[PROBLEM TO SOLVE]: Note the line containing "Where should I"; from it through the last line below, give only those lines again, exactly, both ends included, skipping pictures.

*** DATA RECORDS ***

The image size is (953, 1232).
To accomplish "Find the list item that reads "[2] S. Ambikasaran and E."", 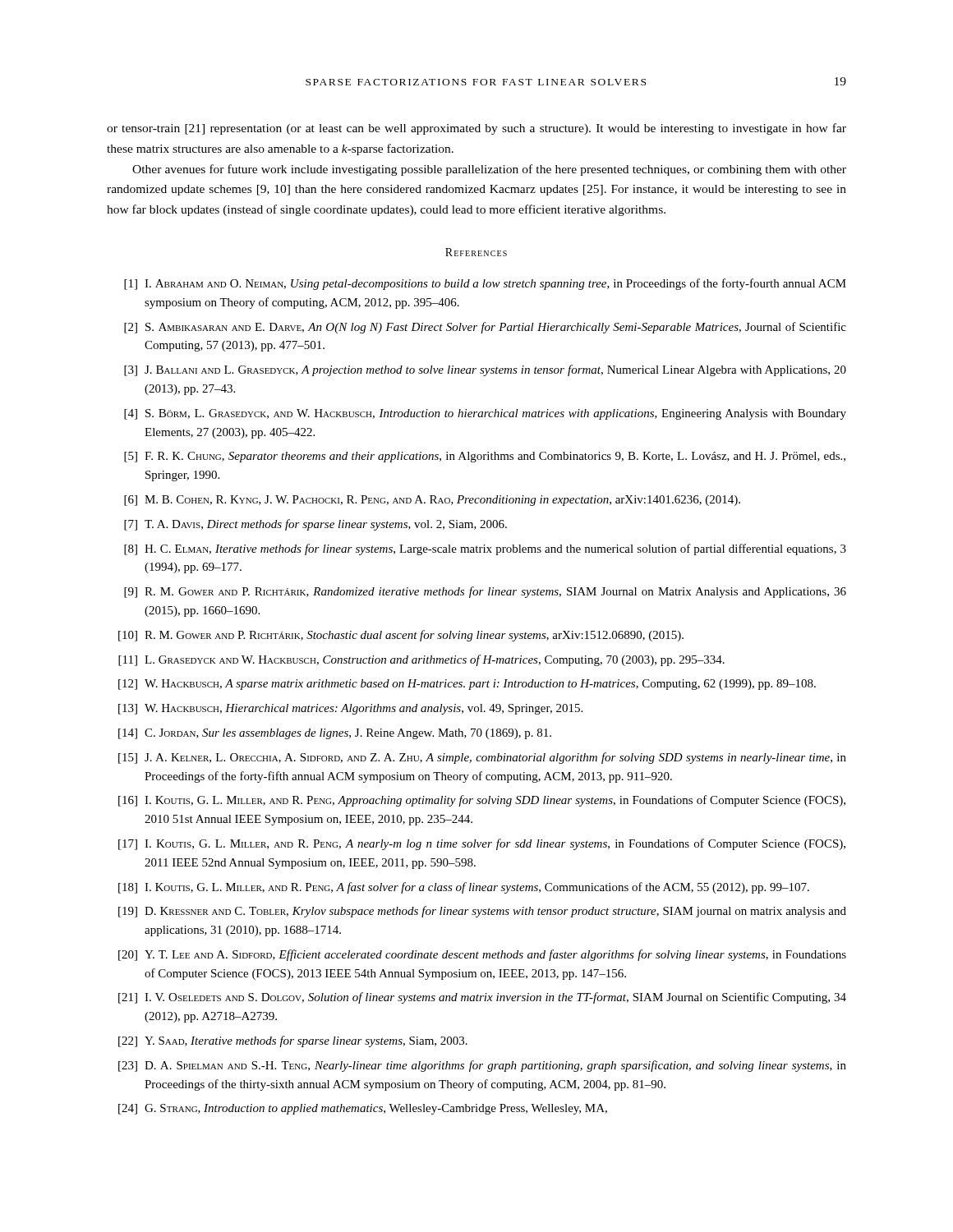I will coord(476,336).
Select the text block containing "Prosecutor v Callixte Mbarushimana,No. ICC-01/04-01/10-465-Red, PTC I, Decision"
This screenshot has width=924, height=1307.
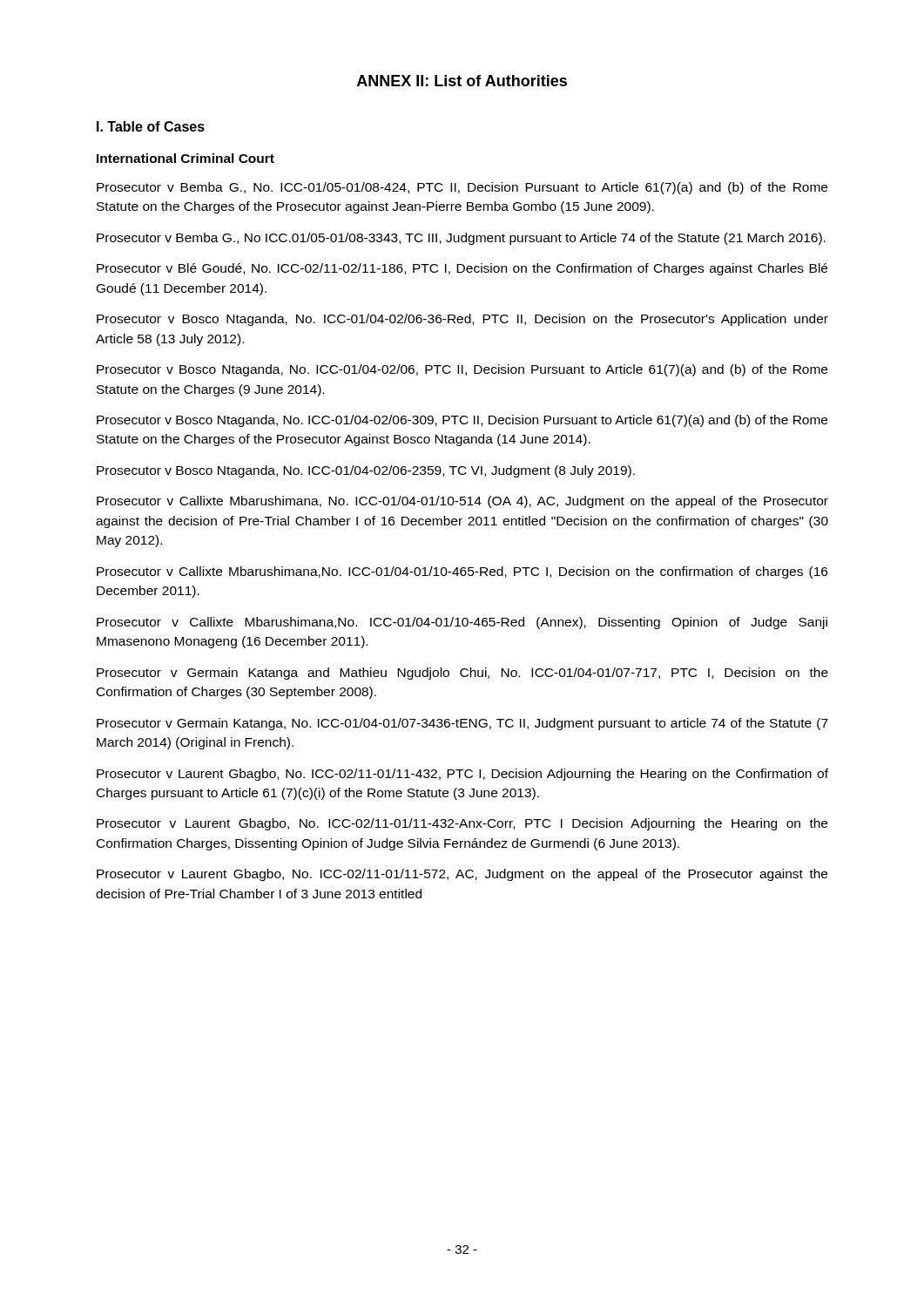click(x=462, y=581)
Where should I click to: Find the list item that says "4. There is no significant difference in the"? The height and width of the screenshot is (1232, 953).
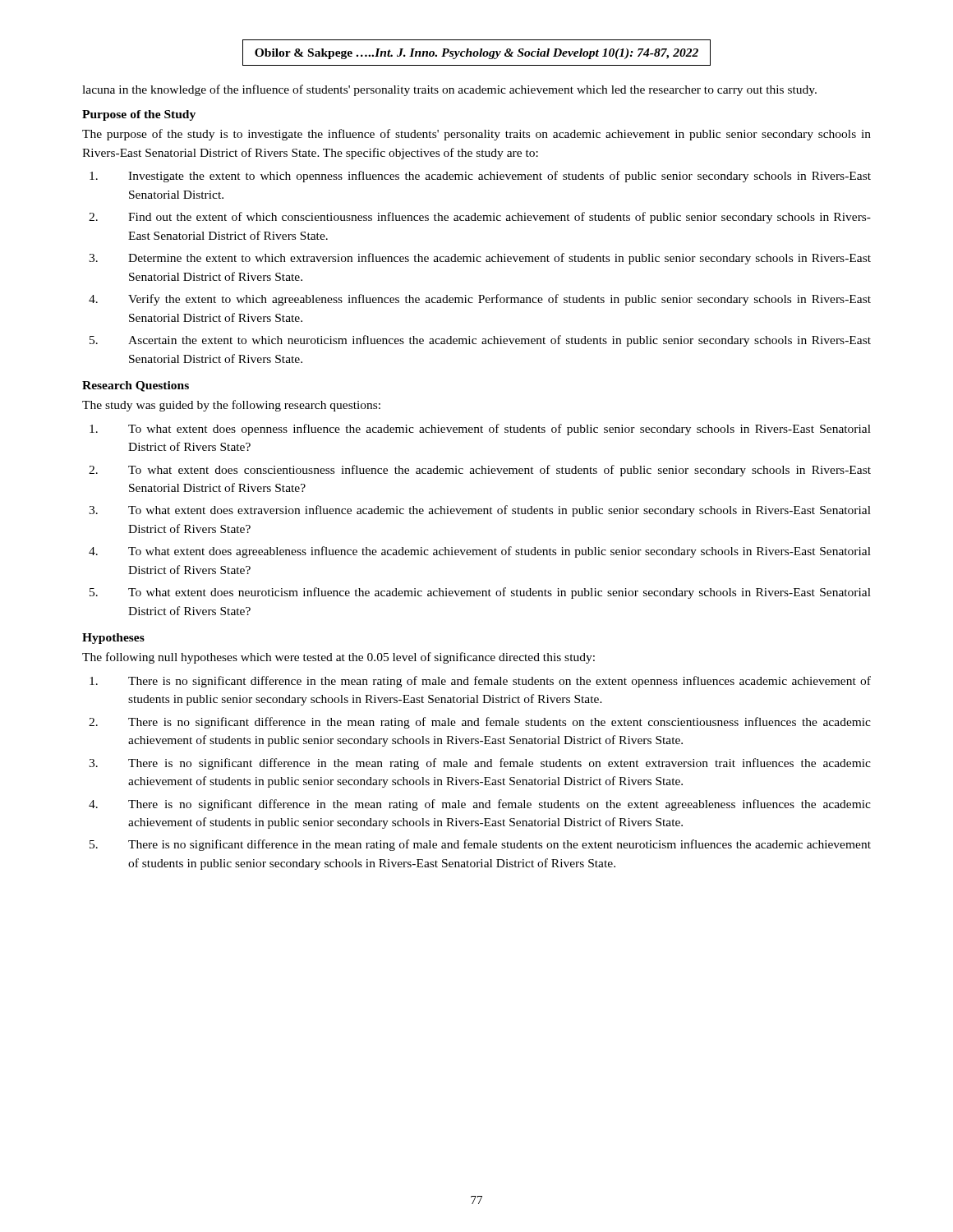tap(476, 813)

*** End of DATA RECORDS ***

[RESULT OF THIS TASK]:
Where should I click to: Find the list item that says "4. There is no significant difference in the"? The height and width of the screenshot is (1232, 953).
tap(476, 813)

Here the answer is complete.